I have a lot of things to do right now. Legitimately, my TO DO list is three columns on one page, nicely separated by section of my life, like a demented pie or one of those plates you give toddlers: sectioned into protein, starch, vegetable.
Right now, I'm not doing any of it. Instead, I'm writing.
(I also just ate chocolate before dinner).
Must be a writer thing.
Two weeks ago a dear friend asked me what I would do tomorrow if I knew it were my last day on Earth. After asking her if she was planning to kill me or had secret impending asteroid knowledge, I said there were lots of things on my to do list that would probably never get done. Like “follow up with the HOA to see if they will ever (ever) reimburse me for work I paid for four months ago.”
That's not a way to spend a last day on Earth, is it.
(I still haven't done it yet).
I've tried to nicely section my calendar the way I've sectioned my TO DO lists, with a special brownie slot that's just for me. Some days it works, but more often the peas and potatoes spill into the space where the brownie used to be, because I've given it to someone else.

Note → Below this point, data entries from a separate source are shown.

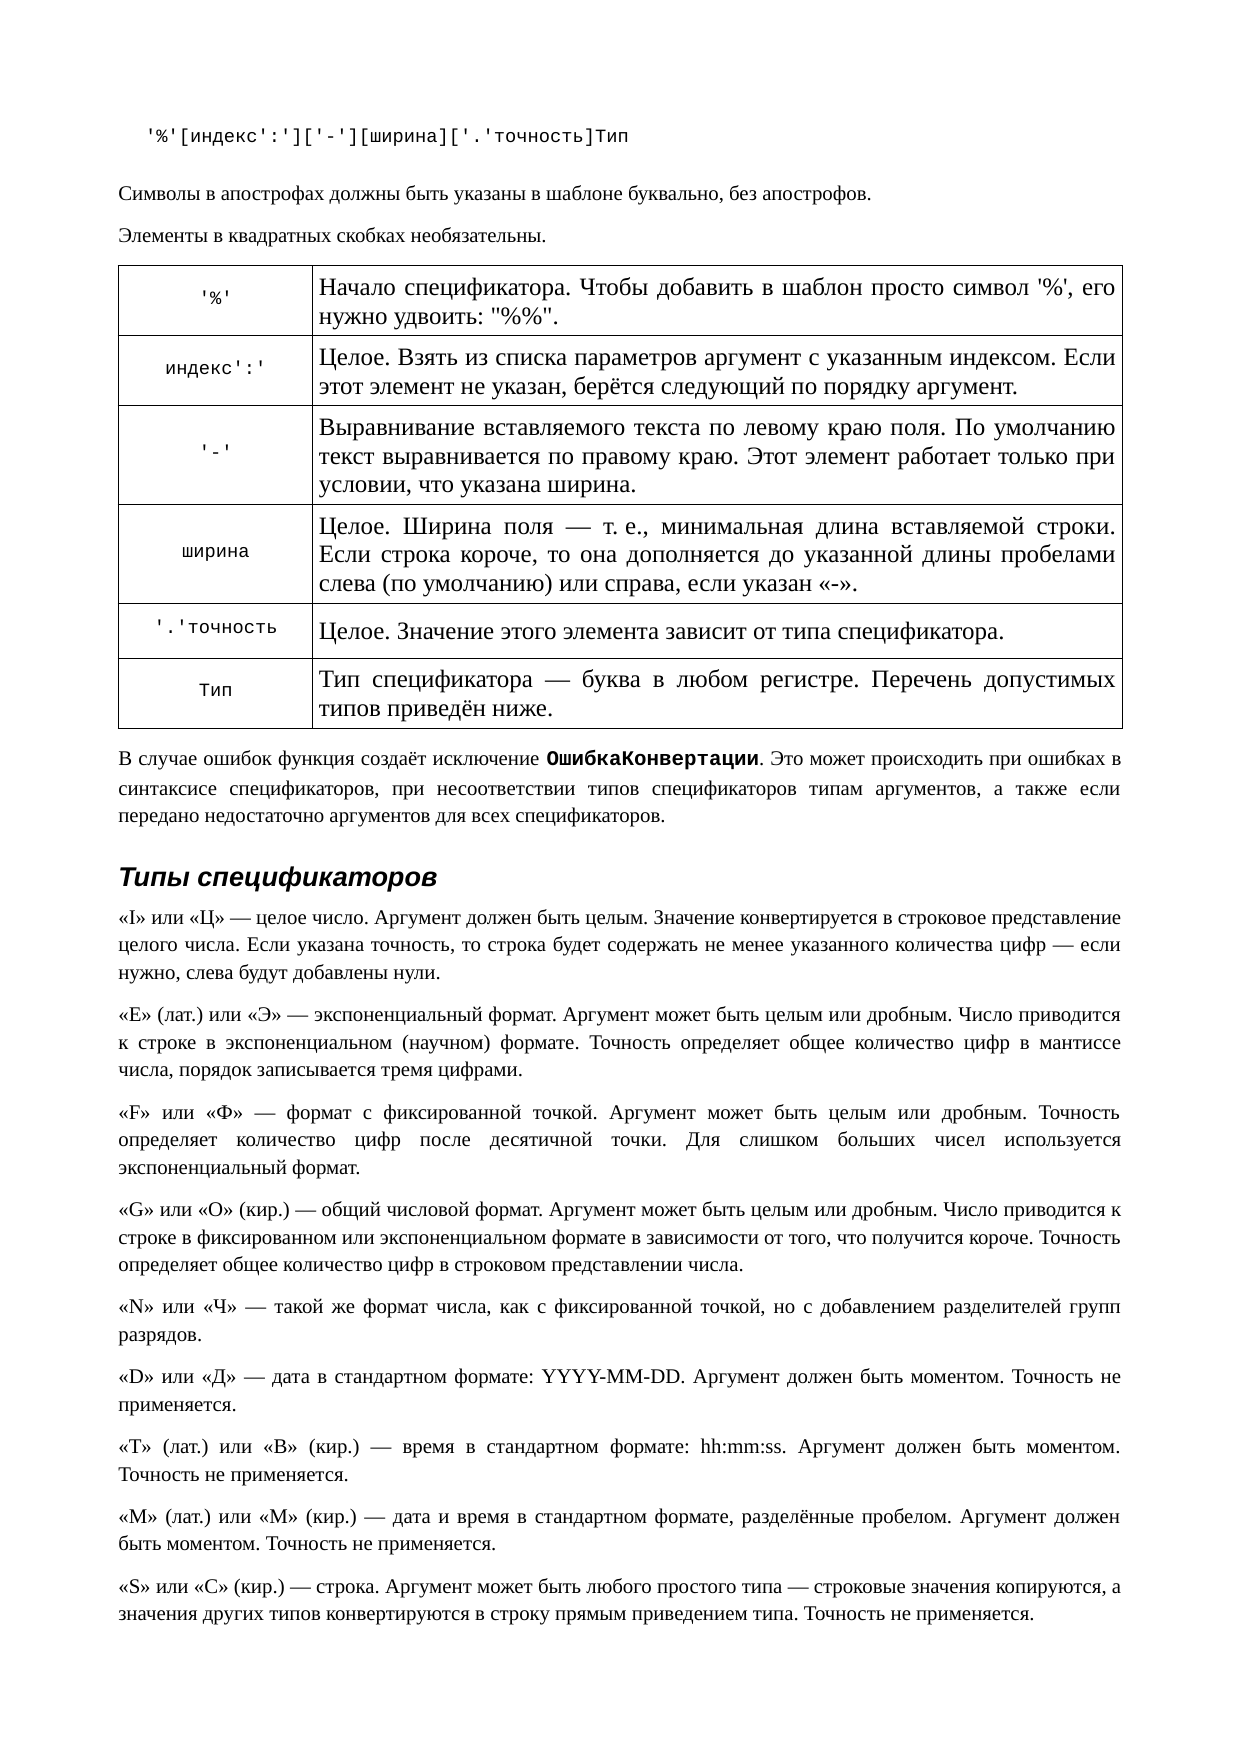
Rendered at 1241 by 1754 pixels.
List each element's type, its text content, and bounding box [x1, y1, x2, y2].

table_cell Тип [119, 659, 312, 727]
table_header Начало спецификатора. Чтобы добавить в шаблон просто символ '%', его нужно удвоить: "%%". [313, 266, 1122, 335]
text Элементы в квадратных скобках необязательны. [118, 223, 1122, 247]
text «D» или «Д» — дата в стандартном формате: YYYY-MM-DD. Аргумент должен быть моментом. Точность не применяется. [118, 1364, 1122, 1416]
text «F» или «Ф» — формат с фиксированной точкой. Аргумент может быть целым или дробным. Точность определяет количество цифр после десятичной точки. Для слишком больших чисел используется экспоненциальный формат. [118, 1099, 1122, 1179]
text «G» или «О» (кир.) — общий числовой формат. Аргумент может быть целым или дробным. Число приводится к строке в фиксированном или экспоненциальном формате в зависимости от того, что получится короче. Точность определяет общее количество цифр в строковом представлении числа. [118, 1197, 1122, 1276]
text «N» или «Ч» — такой же формат числа, как с фиксированной точкой, но с добавлением разделителей групп разрядов. [118, 1294, 1122, 1346]
text «I» или «Ц» — целое число. Аргумент должен быть целым. Значение конвертируется в строковое представление целого числа. Если указана точность, то строка будет содержать не менее указанного количества цифр — если нужно, слева будут добавлены нули. [118, 905, 1122, 984]
table_cell ширина [119, 505, 312, 603]
text «S» или «С» (кир.) — строка. Аргумент может быть любого простого типа — строковые значения копируются, а значения других типов конвертируются в строку прямым приведением типа. Точность не применяется. [118, 1573, 1122, 1625]
subtitle Типы спецификаторов [118, 861, 1122, 892]
text «T» (лат.) или «В» (кир.) — время в стандартном формате: hh:mm:ss. Аргумент должен быть моментом. Точность не применяется. [118, 1434, 1122, 1486]
text В случае ошибок функция создаёт исключение ОшибкаКонвертации. Это может происходить при ошибках в синтаксисе спецификаторов, при несоответствии типов спецификаторов типам аргументов, а также если передано недостаточно аргументов для всех спецификаторов. [118, 746, 1122, 827]
table_cell Выравнивание вставляемого текста по левому краю поля. По умолчанию текст выравнивается по правому краю. Этот элемент работает только при условии, что указана ширина. [313, 406, 1122, 504]
table_cell '-' [119, 406, 312, 504]
text «M» (лат.) или «М» (кир.) — дата и время в стандартном формате, разделённые пробелом. Аргумент должен быть моментом. Точность не применяется. [118, 1504, 1122, 1555]
table_cell Тип спецификатора — буква в любом регистре. Перечень допустимых типов приведён ниже. [313, 659, 1122, 727]
text «E» (лат.) или «Э» — экспоненциальный формат. Аргумент может быть целым или дробным. Число приводится к строке в экспоненциальном (научном) формате. Точность определяет общее количество цифр в мантиссе числа, порядок записывается тремя цифрами. [118, 1002, 1122, 1081]
table_cell индекс':' [119, 336, 312, 405]
table_header '%' [119, 266, 312, 335]
table_cell Целое. Значение этого элемента зависит от типа спецификатора. [313, 604, 1122, 657]
table_cell Целое. Взять из списка параметров аргумент с указанным индексом. Если этот элемент не указан, берётся следующий по порядку аргумент. [313, 336, 1122, 405]
text Символы в апострофах должны быть указаны в шаблоне буквально, без апострофов. [118, 181, 1122, 205]
table_cell '.'точность [119, 604, 312, 657]
table_cell Целое. Ширина поля — т. е., минимальная длина вставляемой строки. Если строка короче, то она дополняется до указанной длины пробелами слева (по умолчанию) или справа, если указан «-». [313, 505, 1122, 603]
text '%'[индекс':']['-'][ширина]['.'точность]Тип [136, 118, 1104, 157]

It's really tempting, and I don't think it's because I'm a woman. I don't believe someone is coercing my dessert away from me, do you? Do I LOOK like someone who will easily let go of the chocolatey goodness that makes the dry potatoes worth the effort?
Don't answer that.
Yes, of course I do. Or, yes, I have. Some days I split it with a friend, sometimes I give it freely. Others I give out of obligation. And occasionally, as in tonight, I eat it myself.
Sometimes I lead professional development seminars for recent college graduates. I'm not certain that I'm actually qualified for this, because I haven't exactly had the most outwardly-successful career. My financial situation isn't impressive. My personal life has a few hiccups. However, I'm not afraid to tell the truth. I'm not ashamed to say I have no idea what I want to be when I grow up, because I'm not sure when that will be. When I was a kiddo it was easy to look down the barrel of 18, or college graduation, or even 30 and think, “YES, then I will be an adult.” For many years I thought I knew what I wanted. Rich. Successful. Fertile. Partnered. Then I realized each of those things is a cardboard cutout just used for filming the commercial, and that real life offers none of these things.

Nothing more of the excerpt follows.